Life, Soul Homework, Universe, Writing

Working On Becoming a Better Listener

I’m learning to accept the less-than-ideal aspects of myself. One of them is that I have difficulty having conversations.

There are two aspects to this: I struggle with making eye contact, and I have to work hard to listen.

This has nothing to do with the other person being interesting. This is due to my desire to either interject with something interesting or to fill awkward silence.

I’m working on becoming a better listener.

To be clear, I’m not holding the conversation hostage; I simply want to listen better, pay more attention, and stay involved for a longer period of time.

In January, I discovered a Julia Cameron book that helped me get started on my listening journey:


I’ve learned about active listening, which is more about being engaged with what you’re listening to rather than just nodding along and saying “uh-huh.”

It keeps you front and center in the conversation, which might help bring someone to their senses if they make the conversation all about themselves.

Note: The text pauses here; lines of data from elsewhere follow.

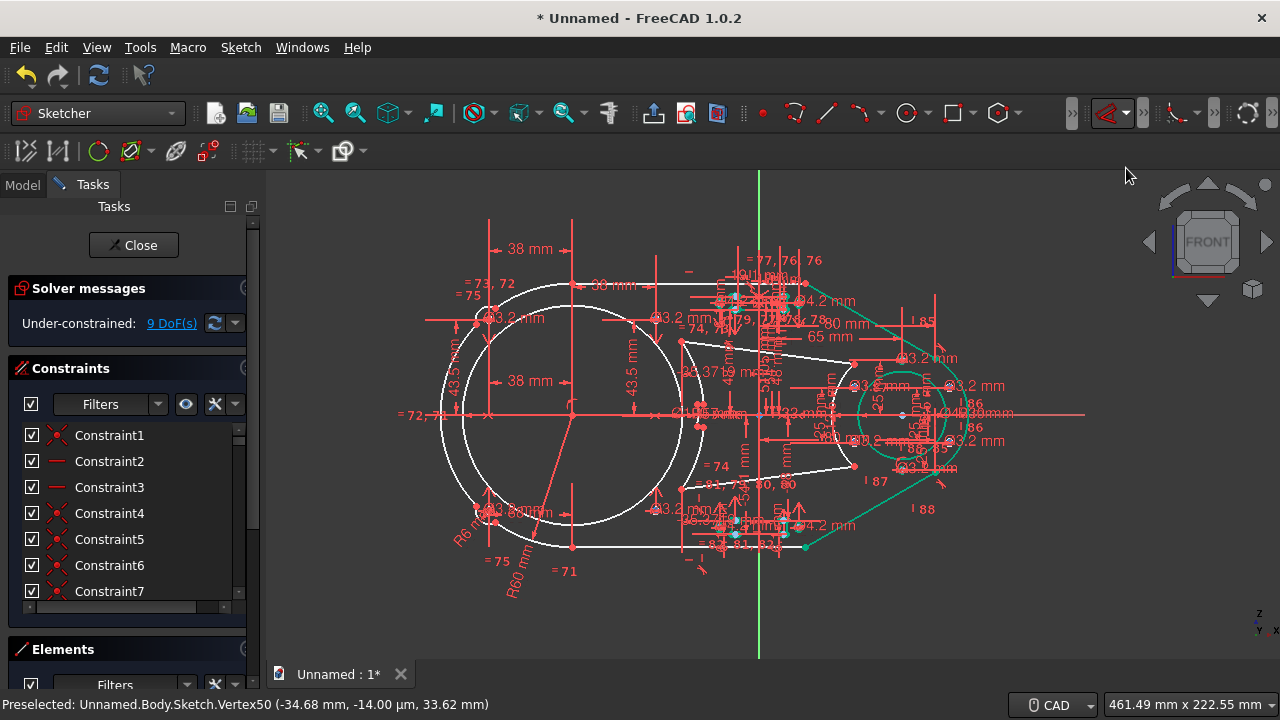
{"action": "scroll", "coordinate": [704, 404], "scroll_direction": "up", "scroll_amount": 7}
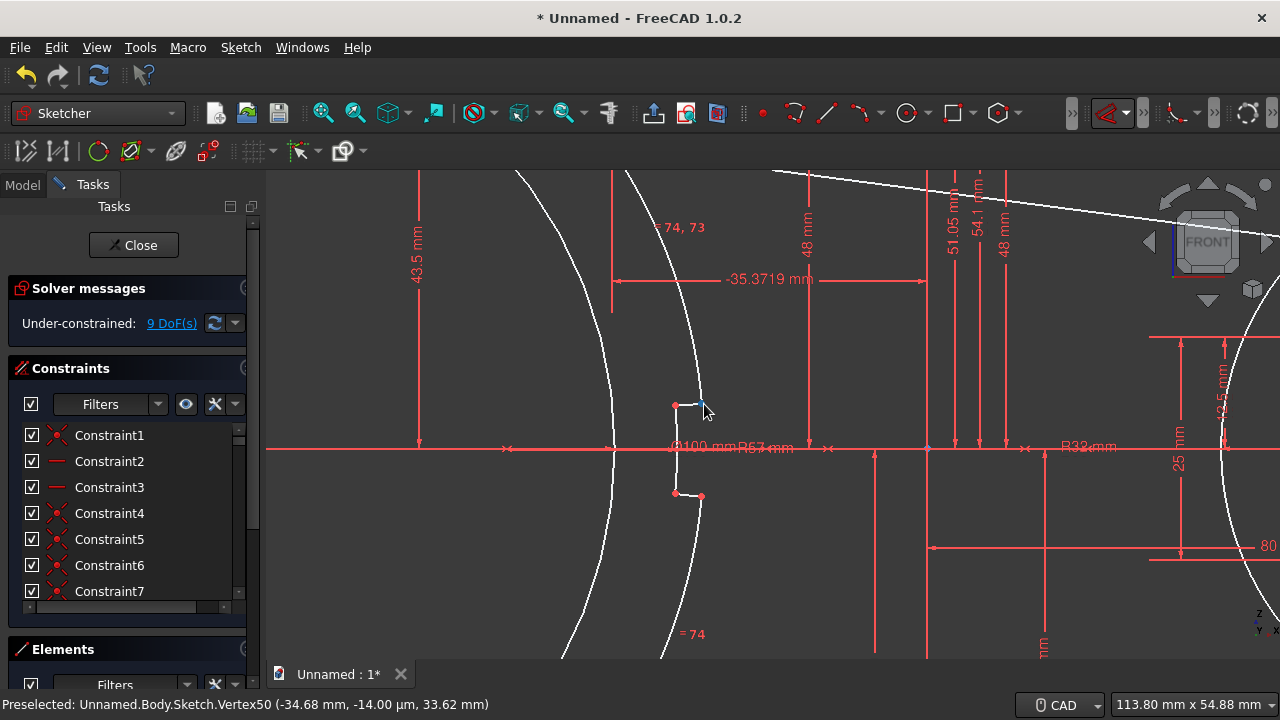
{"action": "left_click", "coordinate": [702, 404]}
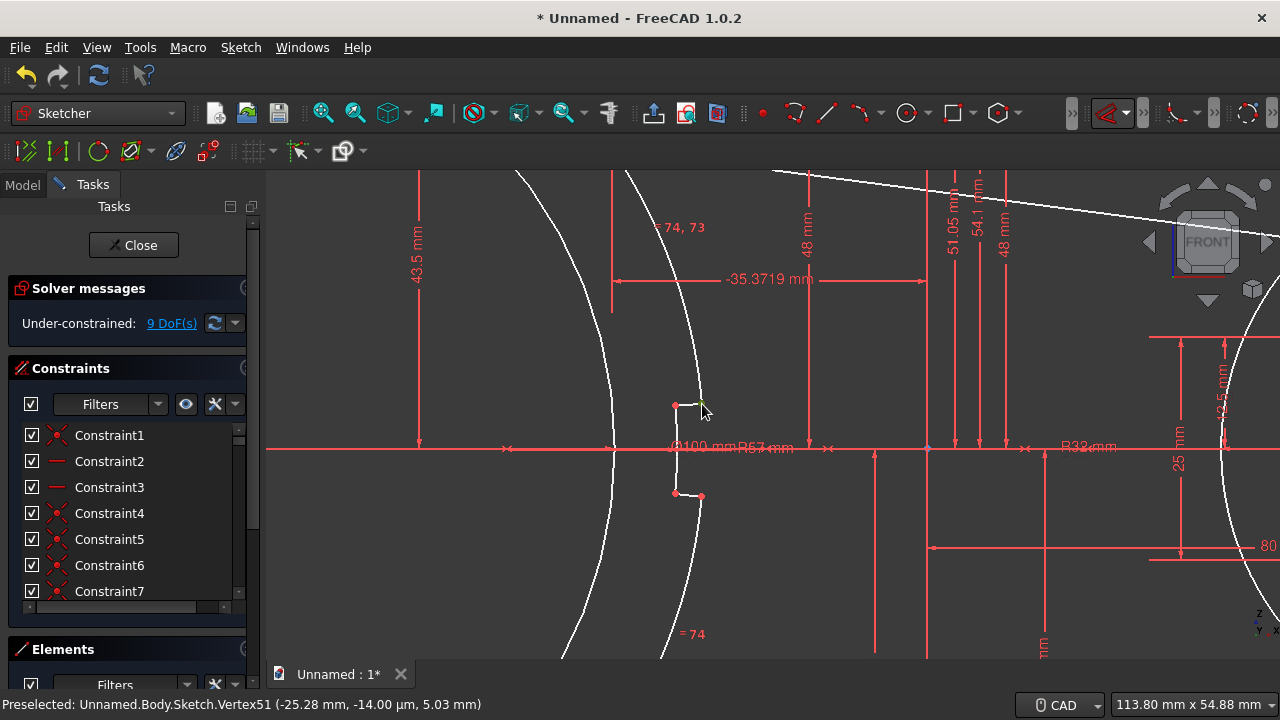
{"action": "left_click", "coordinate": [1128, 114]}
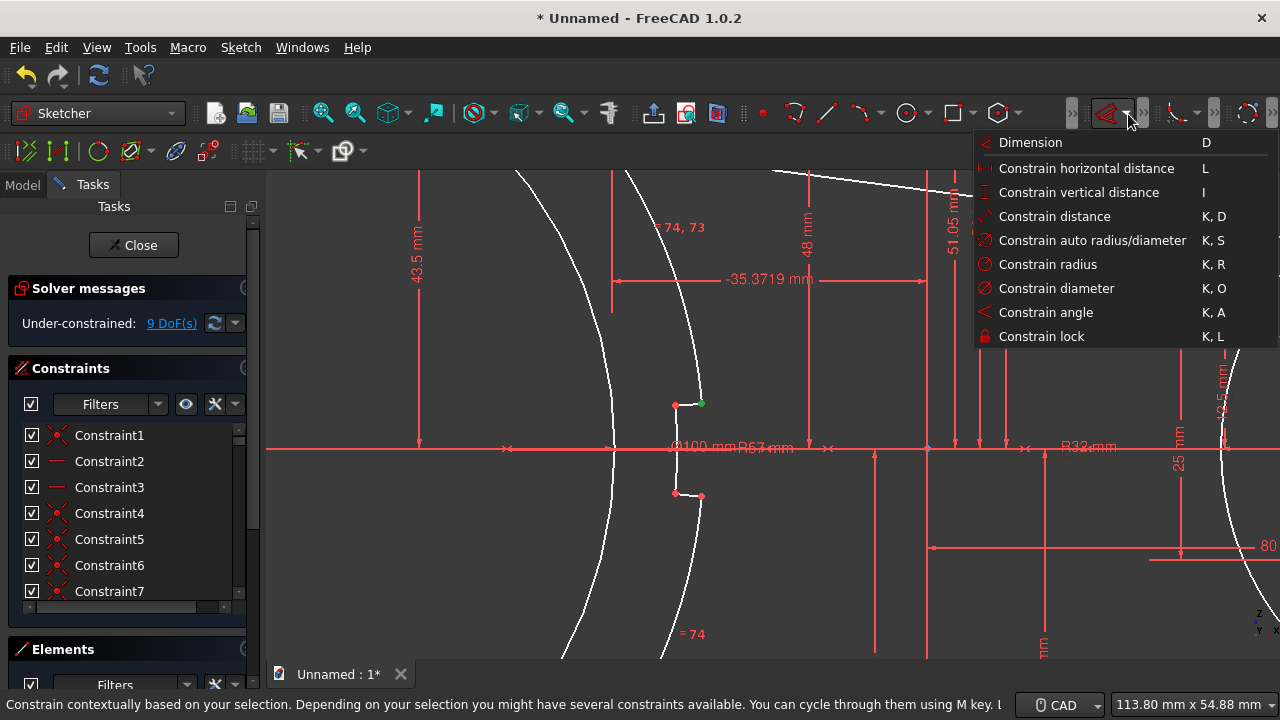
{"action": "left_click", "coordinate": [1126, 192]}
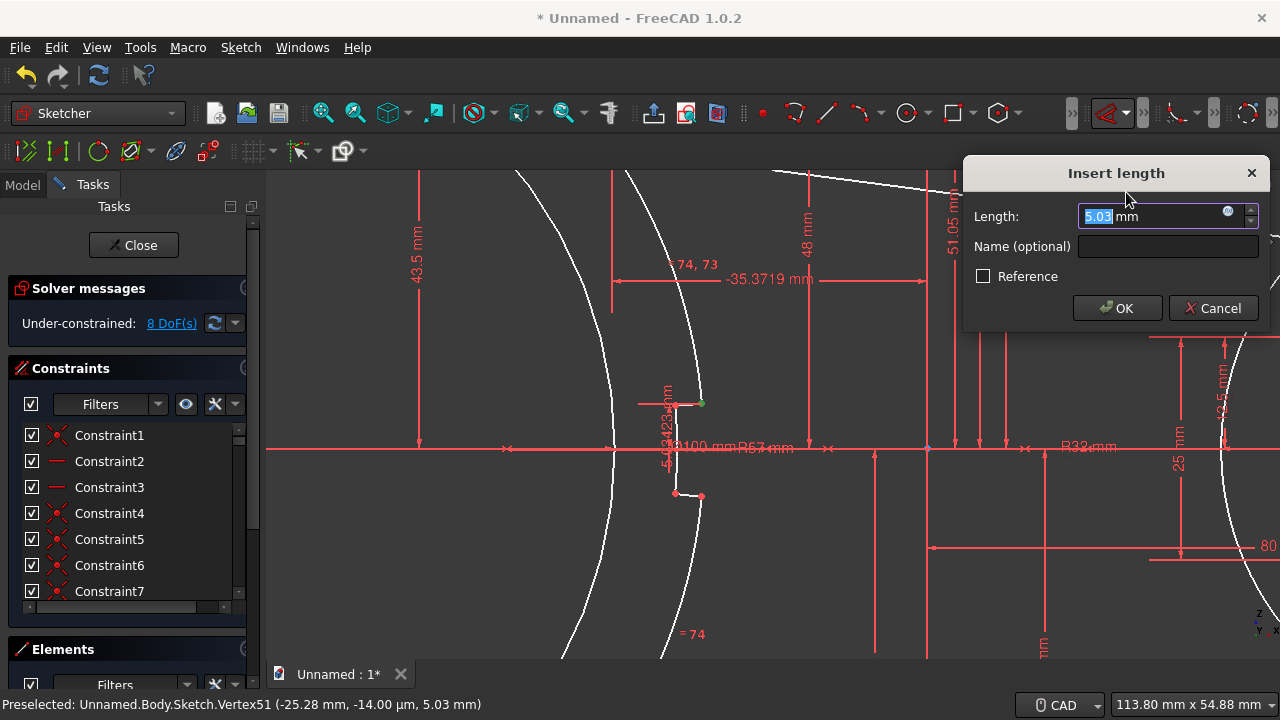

Because, in my opinion, no one wants to be a conversation hog. I just don’t think we were given the proper tools. Again, this is something that could’ve been taught in high school BEFORE geometry. But I digress…

Do you have difficulty listening in conversations?

How to Become a Better Listener

How to Avoid Awkward Silence

49 thoughts on “Working On Becoming a Better Listener”

  1. I’m a good listener. I was raised by parents who insisted on it. Then I took a class in college that was all about how to do it better, focusing on skills not abstract theory. I agree that it’s a life skill to know how to be an active listener. It could/should be taught in high school.

    Liked by 2 people

    1. I love that you took a college class about it! You’re really good at asking questions in your blog posts. In fact, I’ve learned how to do that from reading your (and others’) blogs. 🙂


  2. I’ve always been a good listener, which my mother first noticed when I was sitting in our kitchen with the phone to my ear. I think asking the right questions is a sign of someone who is listening and processing what you say. But sometimes the most important part is not saying anything, especially if the person you are talking with is going through difficulties. Often, people don’t want advice, just empathy.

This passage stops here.